## WORK REQUEST
Omit every picture, and retype the lines that run from the beginning of the data below through the line containing "color=5, linetype='CONTINUOUS', lineweight=15)", inclusive.

━━━ DATA EXTRACTS

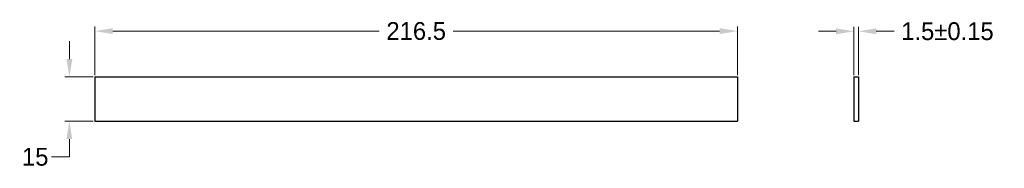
# Model space of a CAD drawing. Header units: millimetres. Extents: x 181 to 513, y 189 to 239.
import ezdxf

# ---------------------------------------------------------------- set-up
doc = ezdxf.new("R2010")
doc.units = ezdxf.units.MM
doc.header["$LTSCALE"] = 2
doc.header["$MEASUREMENT"] = 0
doc.layers.get('Defpoints').update_dxf_attribs({"linetype": 'CONTINUOUS'})
doc.layers.add('实线', color=7, linetype='CONTINUOUS', lineweight=30)
doc.layers.add('标注', color=5, linetype='CONTINUOUS', lineweight=15)
doc.dimstyles.new('标注', dxfattribs={"dimscale": 3, "dimtxt": 2, "dimasz": 0.5, "dimexe": 0.5, "dimexo": 0.2, "dimgap": 0.5, "dimtad": 0, "dimtih": 1, "dimtoh": 1, "dimdec": 1, "dimdsep": 46, "dimtxsty": 'Standard', "dimcen": 0, "dimclrd": 256, "dimclre": 256, "dimclrt": 7, "dimadec": 1, "dimazin": 2, "dimtfac": 1, "dimtdec": 1, "dimtofl": 0, "dimtmove": 0, "dimatfit": 3, "dimfxl": 0, "dimtolj": 1, "dimtzin": 0, "dimlwd": 9, "dimlwe": 9, "dimarcsym": 0})

# ---------------------------------------------------------------- blocks, each defined once
blk = doc.blocks.new('*D8')
at = {"layer": 'Defpoints', "color": 0}
for p in [(463.99, 235.31), (462.49, 219.94), (463.99, 219.94)]:
    blk.add_point(p, dxfattribs=at)
at = {"layer": '标注', "lineweight": 9}
for p, q in [((462.49, 220.54), (462.49, 236.81)), ((463.99, 220.54), (463.99, 236.81)), ((456.49, 235.31), (450.49, 235.31)), ((469.99, 235.31), (475.99, 235.31))]:
    blk.add_line(p, q, dxfattribs=at)
at = {"layer": '标注'}
for points in [[(456.49, 236.31), (456.49, 234.31), (462.49, 235.31)], [(469.99, 236.31), (469.99, 234.31), (463.99, 235.31)]]:
    blk.add_solid(points, dxfattribs=at)
at = {"layer": '标注', "color": 7, "insert": (493.99, 235.31), "char_height": 6, "attachment_point": 5}
blk.add_mtext('\\A1;1.5±0.15', dxfattribs=at)
blk = doc.blocks.new('*D10')
at = {"layer": 'Defpoints', "color": 0}
for p in [(206.72, 235.38), (206.72, 219.94), (423.22, 219.94)]:
    blk.add_point(p, dxfattribs=at)
at = {"layer": '标注', "lineweight": 9}
for p, q in [((206.72, 220.54), (206.72, 236.88)), ((423.22, 220.54), (423.22, 236.88)), ((212.72, 235.38), (302.47, 235.38)), ((417.22, 235.38), (327.47, 235.38))]:
    blk.add_line(p, q, dxfattribs=at)
at = {"layer": '标注'}
for points in [[(212.72, 236.38), (212.72, 234.38), (206.72, 235.38)], [(417.22, 236.38), (417.22, 234.38), (423.22, 235.38)]]:
    blk.add_solid(points, dxfattribs=at)
at = {"layer": '标注', "color": 7, "insert": (314.97, 235.38), "char_height": 6, "attachment_point": 5}
blk.add_mtext('\\A1;216.5', dxfattribs=at)
blk = doc.blocks.new('*D11')
at = {"layer": 'Defpoints', "color": 0}
for p in [(198.09, 219.94), (206.72, 219.94), (206.72, 204.94)]:
    blk.add_point(p, dxfattribs=at)
at = {"layer": '标注', "lineweight": 9}
for p, q in [((198.09, 225.94), (198.09, 231.94)), ((206.12, 219.94), (196.59, 219.94)), ((206.12, 204.94), (196.59, 204.94)), ((198.09, 198.94), (198.09, 192.94)), ((198.09, 192.94), (192.09, 192.94))]:
    blk.add_line(p, q, dxfattribs=at)
at = {"layer": '标注'}
for points in [[(197.09, 225.94), (199.09, 225.94), (198.09, 219.94)], [(197.09, 198.94), (199.09, 198.94), (198.09, 204.94)]]:
    blk.add_solid(points, dxfattribs=at)
at = {"layer": '标注', "color": 7, "insert": (186.59, 192.94), "char_height": 6, "attachment_point": 5}
blk.add_mtext('\\A1;15', dxfattribs=at)

msp = doc.modelspace()

# ---------------------------------------------------------------- linework, layer by layer
at = {"layer": '实线'}
for p, q in [((206.72, 219.94), (423.22, 219.94)), ((206.72, 219.94), (206.72, 204.94)), ((423.22, 219.94), (423.22, 204.94)), ((462.49, 219.94), (462.49, 204.94)), ((462.49, 219.94), (463.99, 219.94)), ((463.99, 219.94), (463.99, 204.94)), ((206.72, 204.94), (423.22, 204.94)), ((462.49, 204.94), (463.99, 204.94))]:
    msp.add_line(p, q, dxfattribs=at)

# ---------------------------------------------------------------- dimensions: what is measured, and where the dimension line sits
at = {"layer": '标注'}
dim = msp.add_linear_dim(base=(206.72, 235.38), p1=(423.22, 219.94), p2=(206.72, 219.94), dimstyle='标注', override={"dimasz": 2}, dxfattribs=at)
dim.commit()
dim.dimension.update_dxf_attribs({"geometry": '*D10', "text_midpoint": (314.97, 235.38)})
dim = msp.add_linear_dim(base=(463.99, 235.31), p1=(462.49, 219.94), p2=(463.99, 219.94), text='<>%%p0.15', dimstyle='标注', override={"dimasz": 2}, dxfattribs=at)
dim.commit()
dim.dimension.update_dxf_attribs({"geometry": '*D8', "text_midpoint": (493.99, 235.31)})
dim = msp.add_linear_dim(base=(198.09, 219.94), p1=(206.72, 204.94), p2=(206.72, 219.94), angle=90, dimstyle='标注', override={"dimasz": 2}, dxfattribs=at)
dim.commit()
dim.dimension.update_dxf_attribs({"geometry": '*D11', "text_midpoint": (186.59, 192.94), "dimtype": 160})

doc.saveas('drawing.dxf')

━━━━━━

## PROBLEM SOLUTION
# Model space of a CAD drawing. Header units: millimetres. Extents: x 181 to 513, y 189 to 239.
import ezdxf

# ---------------------------------------------------------------- set-up
doc = ezdxf.new("R2010")
doc.units = ezdxf.units.MM
doc.header["$LTSCALE"] = 2
doc.header["$MEASUREMENT"] = 0
doc.layers.get('Defpoints').update_dxf_attribs({"linetype": 'CONTINUOUS'})
doc.layers.add('实线', color=7, linetype='CONTINUOUS', lineweight=30)
doc.layers.add('标注', color=5, linetype='CONTINUOUS', lineweight=15)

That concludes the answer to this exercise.